Before the Court in this case under the Fair Labor Standards Act ("FLSA"), 29 U.S.C. §§ 201-219, is the parties' joint motion under Lynn's Food Stores, Inc. v. U.S. by & through U.S. Dep't of Labor, 679 F.2d 1350, 1354 (11th Cir. 1982), for approval of a settlement and dismissal of the action with prejudice. Doc. 16.

Background

In July 2019, Leslie Urbas sued Nutritious Lifestyles, Inc., and Janet McKee, on behalf of herself and others similarly situated. Doc. 1.

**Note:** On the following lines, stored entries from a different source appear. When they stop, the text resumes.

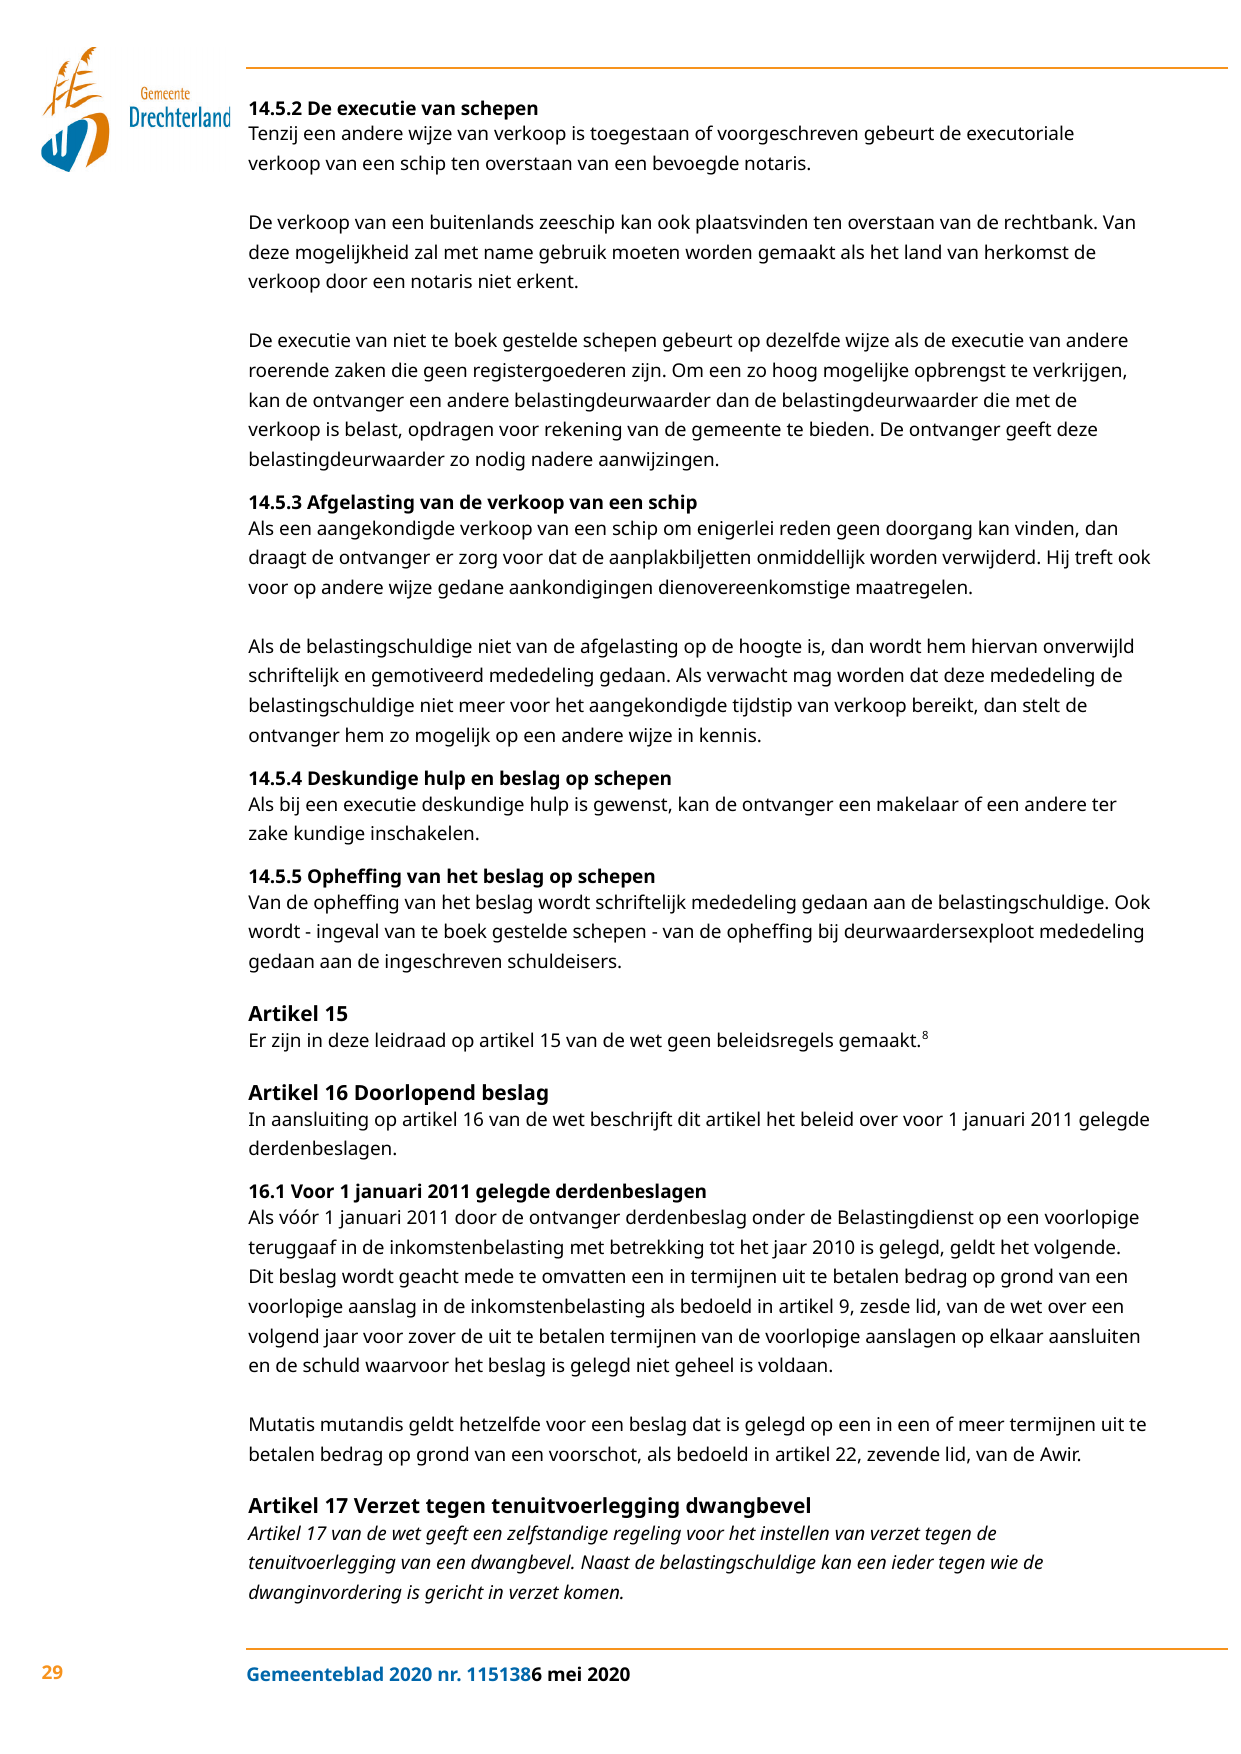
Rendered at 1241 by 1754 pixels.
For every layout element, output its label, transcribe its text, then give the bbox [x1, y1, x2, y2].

text Van de opheffing van het beslag wordt schriftelijk mededeling gedaan aan de belastingschuldige. Ook wordt - ingeval van te boek gestelde schepen - van de opheffing bij deurwaardersexploot mededeling gedaan aan de ingeschreven schuldeisers. [248, 889, 1152, 974]
picture [226, 115, 231, 124]
text Als vóór 1 januari 2011 door de ontvanger derdenbeslag onder de Belastingdienst op een voorlopige teruggaaf in de inkomstenbelasting met betrekking tot het jaar 2010 is gelegd, geldt het volgende. Dit beslag wordt geacht mede te omvatten een in termijnen uit te betalen bedrag op grond van een voorlopige aanslag in de inkomstenbelasting als bedoeld in artikel 9, zesde lid, van de wet over een volgend jaar voor zover de uit te betalen termijnen van de voorlopige aanslagen op elkaar aansluiten en de schuld waarvoor het beslag is gelegd niet geheel is voldaan. [248, 1204, 1152, 1378]
text 14.5.4 Deskundige hulp en beslag op schepen [248, 765, 1152, 791]
text Artikel 16 Doorlopend beslag [248, 1078, 1152, 1106]
text Artikel 15 [248, 999, 1152, 1027]
text Artikel 17 van de wet geeft een zelfstandige regeling voor het instellen van verzet tegen de tenuitvoerlegging van een dwangbevel. Naast de belastingschuldige kan een ieder tegen wie de dwanginvordering is gericht in verzet komen. [248, 1520, 1152, 1605]
picture [41, 158, 64, 172]
text Mutatis mutandis geldt hetzelfde voor een beslag dat is gelegd op een in een of meer termijnen uit te betalen bedrag op grond van een voorschot, als bedoeld in artikel 22, zevende lid, van de Awir. [248, 1412, 1152, 1467]
picture [41, 47, 231, 172]
text Tenzij een andere wijze van verkoop is toegestaan of voorgeschreven gebeurt de executoriale verkoop van een schip ten overstaan van een bevoegde notaris. [248, 121, 1152, 176]
text Als een aangekondigde verkoop van een schip om enigerlei reden geen doorgang kan vinden, dan draagt de ontvanger er zorg voor dat de aanplakbiljetten onmiddellijk worden verwijderd. Hij treft ook voor op andere wijze gedane aankondigingen dienovereenkomstige maatregelen. [248, 515, 1152, 600]
text 14.5.5 Opheffing van het beslag op schepen [248, 863, 1152, 889]
text 14.5.3 Afgelasting van de verkoop van een schip [248, 489, 1152, 515]
text In aansluiting op artikel 16 van de wet beschrijft dit artikel het beleid over voor 1 januari 2011 gelegde derdenbeslagen. [248, 1106, 1152, 1161]
text 16.1 Voor 1 januari 2011 gelegde derdenbeslagen [248, 1179, 1152, 1204]
text Er zijn in deze leidraad op artikel 15 van de wet geen beleidsregels gemaakt.8 [248, 1027, 1152, 1053]
text Als bij een executie deskundige hulp is gewenst, kan de ontvanger een makelaar of een andere ter zake kundige inschakelen. [248, 791, 1152, 846]
text De verkoop van een buitenlands zeeschip kan ook plaatsvinden ten overstaan van de rechtbank. Van deze mogelijkheid zal met name gebruik moeten worden gemaakt als het land van herkomst de verkoop door een notaris niet erkent. [248, 209, 1152, 294]
text Artikel 17 Verzet tegen tenuitvoerlegging dwangbevel [248, 1492, 1152, 1520]
text Als de belastingschuldige niet van de afgelasting op de hoogte is, dan wordt hem hiervan onverwijld schriftelijk en gemotiveerd mededeling gedaan. Als verwacht mag worden dat deze mededeling de belastingschuldige niet meer voor het aangekondigde tijdstip van verkoop bereikt, dan stelt de ontvanger hem zo mogelijk op een andere wijze in kennis. [248, 633, 1152, 748]
text De executie van niet te boek gestelde schepen gebeurt op dezelfde wijze als de executie van andere roerende zaken die geen registergoederen zijn. Om een zo hoog mogelijke opbrengst te verkrijgen, kan de ontvanger een andere belastingdeurwaarder dan de belastingdeurwaarder die met de verkoop is belast, opdragen voor rekening van de gemeente te bieden. De ontvanger geeft deze belastingdeurwaarder zo nodig nadere aanwijzingen. [248, 328, 1152, 472]
text 14.5.2 De executie van schepen [248, 95, 1152, 121]

In the complaint, Urbas alleges the following facts. Nutritious Lifestyles is a Florida corporation. Doc. 1 ¶ 3. McKee is the owner, director, and president of Nutritious Lifestyles. Doc. 1 ¶ 3. In that capacity, she controlled employment decisions including hiring people and pay rates. Doc. 1 ¶ 3. The defendants paid Urbas and others on an hourly basis as non-exempt employees under the FLSA, and Urbas was required to work "off the clock" without recording all time. Doc. 1 ¶¶ 5-6. McKee did not allow employees to work overtime. Doc. 1 ¶ 7. Urbas and others were required to work "off the clock" to attend meetings, answer emails, and perform other tasks without compensation. Doc. 1 ¶¶ 8-9. The defendants have been sued for other FLSA violations, and the violations here are willful. Doc. 1 ¶ 10. Employees are not allowed to accurately record all time worked, including time to log on to computers and networks, open computer programs, review emails, summarize notes from telephone calls, and complete other tasks. Doc. 1 ¶ 13. The defendants required or encouraged employees to complete those tasks without reporting it on time cards if it caused an employee to work more than 40 hours, and employees were required to clock out immediately upon reaching 40 weekly hours. Doc. 1 ¶¶ 13, 14.

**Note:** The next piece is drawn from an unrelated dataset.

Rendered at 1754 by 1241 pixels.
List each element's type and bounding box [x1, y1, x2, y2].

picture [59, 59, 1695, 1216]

Urbas contends those allegations are common to a class of hourly employees who worked for the defendants within the last three years and were not paid overtime for all hours worked. Doc. 1 ¶¶ 18-20.

Urbas brings one claim: a FLSA claim for failure to pay overtime wages, Doc. 1 ¶¶ 21-30. She seeks overtime wages; liquidated damages; attorney's fees and costs; pre- and post-judgment interest; a notice sent to all eligible employees of the right to participate in this case; a declaration that the defendants' policy violates the FLSA; and "corrective notice." Doc. 1 ¶ 30.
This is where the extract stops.